#126: State of DevOps 2021 - What it says about Site Reliability Engineering

The State of DevOps report provides excellent insight through rigorous analysis of its wide reaching survey.

The research provides evidence-based guidance to help focus on the capabilities that drive performance.

One of those are Site Reliability Engineering practices that came out Google's efforts to handle massive scale.

Why you might be interesting in this episode:

  • What is Site Reliability Engineering
  • How does it relate to DevOps
  • What correlation the report found in Site Reliability Engineering use

Or listen at:

Published: Wed, 23 Mar 2022 17:04:00 GMT

Links

Transcript

Hello, and welcome back to the Better ROI from Software Development podcast.

Over the last few episodes, I've been talking about the State of DevOps report and what it says about practises that help you achieve better results.

I summarise the state of DevOps Report 2021 back in episode 120.

Then in 121, I talked about what the report said about Cloud Computing.

122, what the report said about Documentation.

123, what it said about DevOps Technical Practises.

124, what it said about Security.

And 125, the last episode, what it said about Culture.

This time, I want to wrap up the series on the State of DevOps report, and I want to look at the last practise they talked about: Site Reliability Engineering.
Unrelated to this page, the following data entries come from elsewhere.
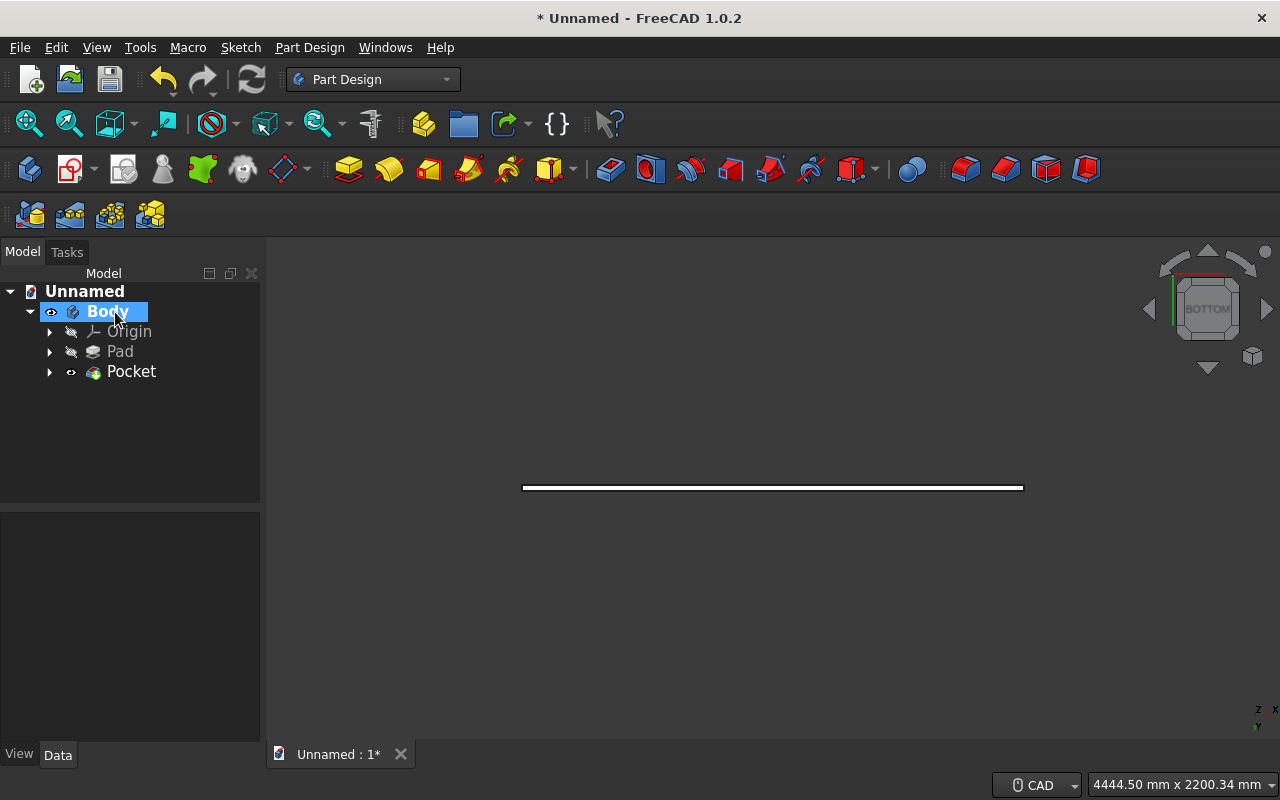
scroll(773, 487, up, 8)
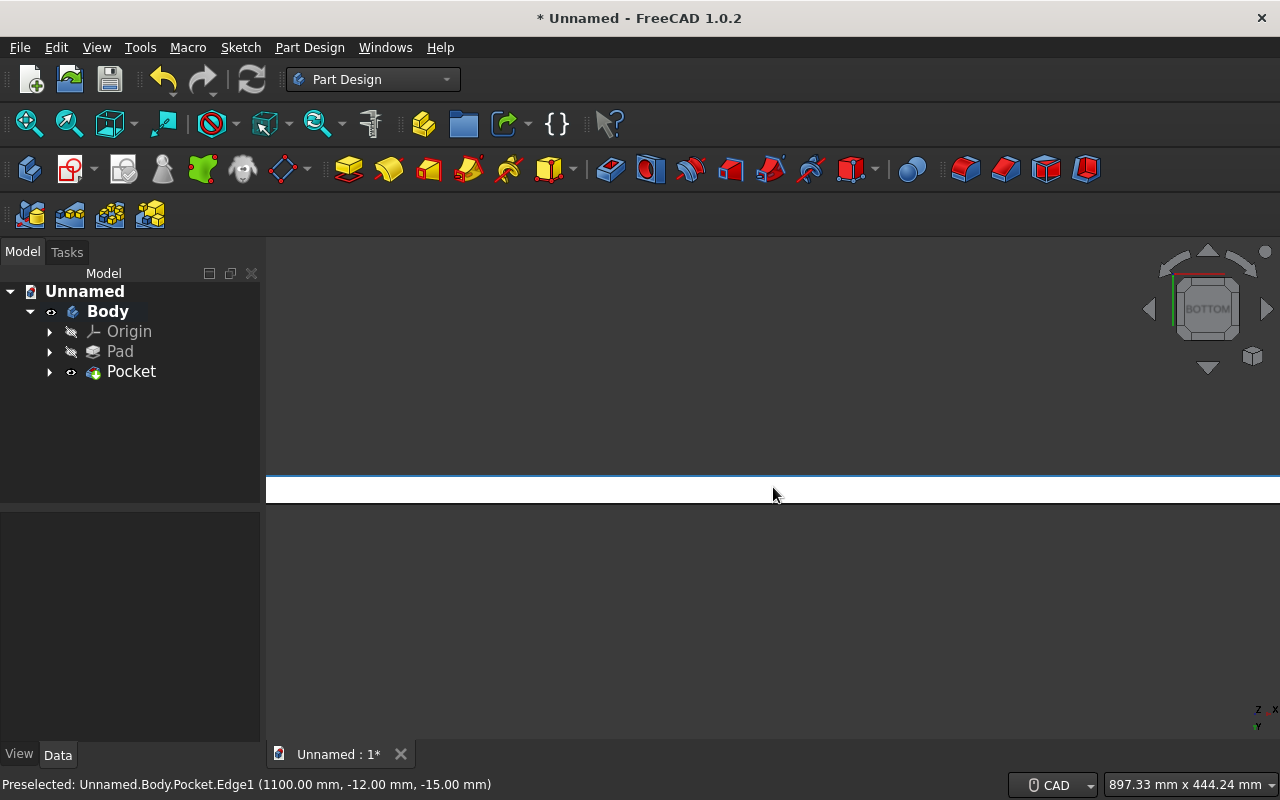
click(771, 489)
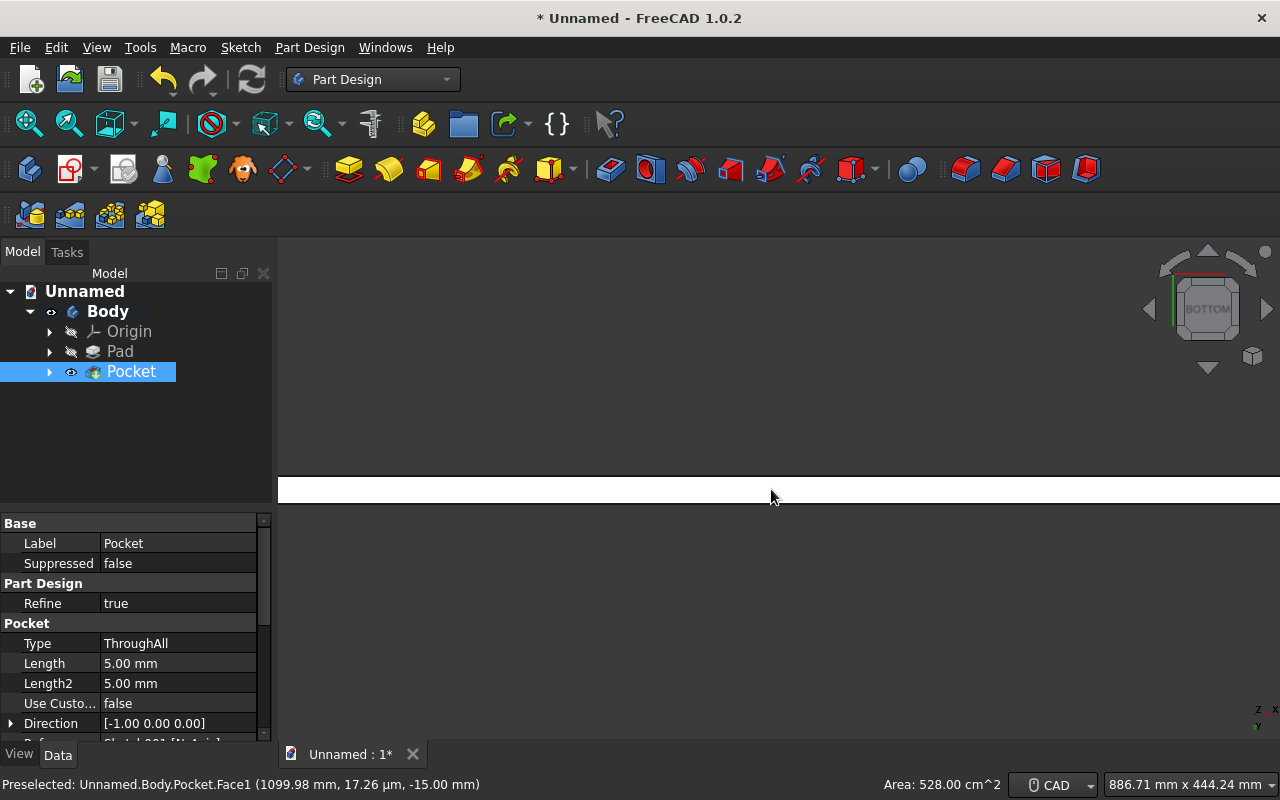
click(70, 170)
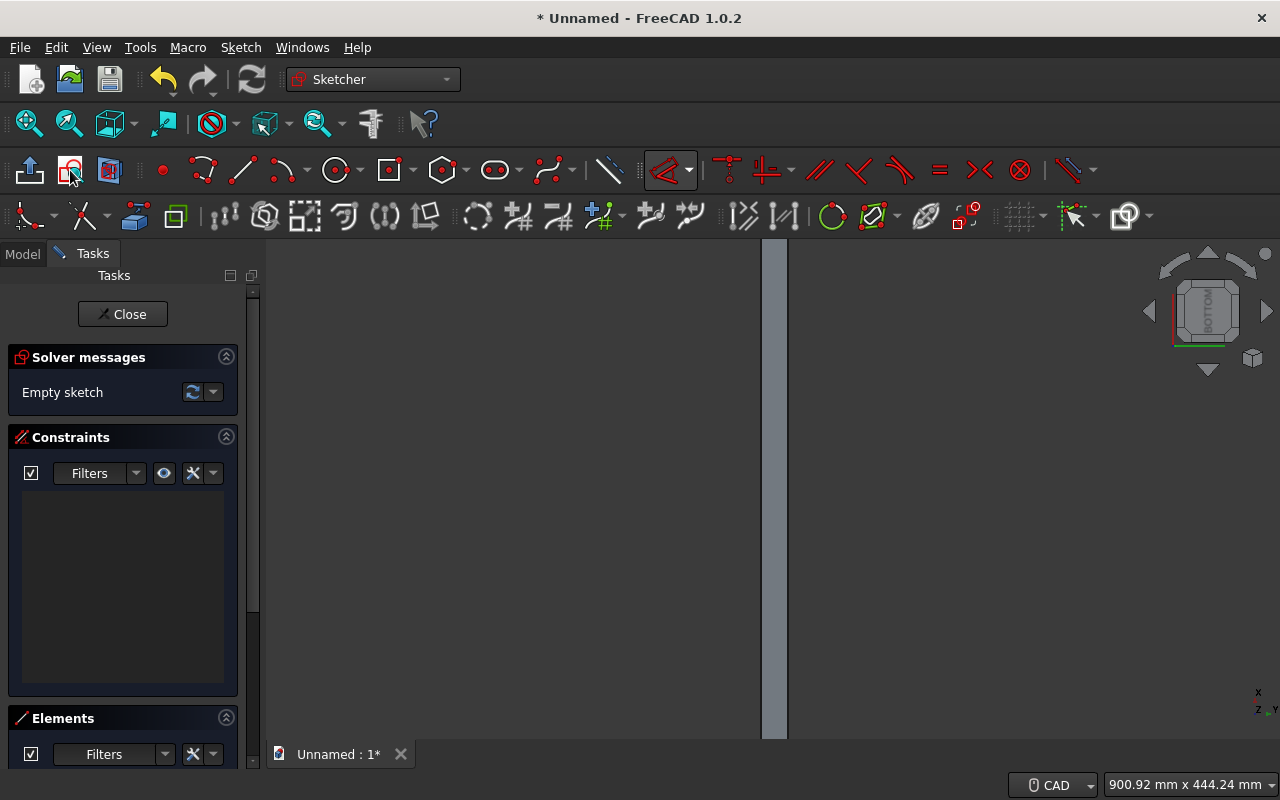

Site Reliability Engineering, a practise that came out of Google's effort to help massive scale.

So why might this episode be of interest to you?

Firstly, you might be understanding what is Site Reliability Engineering?

You might be wondering how does it relate to DevOps?

And what correlation the report found in Site Reliability Engineering use?

But first, a quick recap. If you've not listened to the previous episode, I'll give you a quick recap of DevOps and the State of DevOps report.

For DevOps, I like the Microsoft definition:

"A compound of development (Dev) and operations (Ops), DevOps is the union of people, process, and technology to continually provide value to customers."

It's a marriage of traditionally opposing forces. Innovation and change from the development team, stability and limiting change from the operations team. DevOps, however, is a focus on business outcomes that mix of the two.

The State of DevOps report is now in its seventh year of reporting on over thirty two thousand professionals worldwide. Produced by the DORA Team (DevOps Research and Assessment), it's the longest running, academically rigorous research investigation of its kind.

And for me, it provides clear evidence on the benefits of DevOps and its practises. But many of these practises are universal, so even if you're not officially doing DevOps, I still think they provide benefit to you and your teams.

And one of the practises that the report took a specific look at was Site Reliability Engineering.

Wikipedia describes site reliability engineering as:

"Site reliability engineering is a set of principles and practices that incorporates aspects of software engineering and applies them to infrastructure and operations problems. The main goals are to create scalable and highly reliable software systems. Site reliability engineering is closely related to DevOps, a set of practices that combine software development and IT operations, and SRE has also been described as a specific implementation of DevOps"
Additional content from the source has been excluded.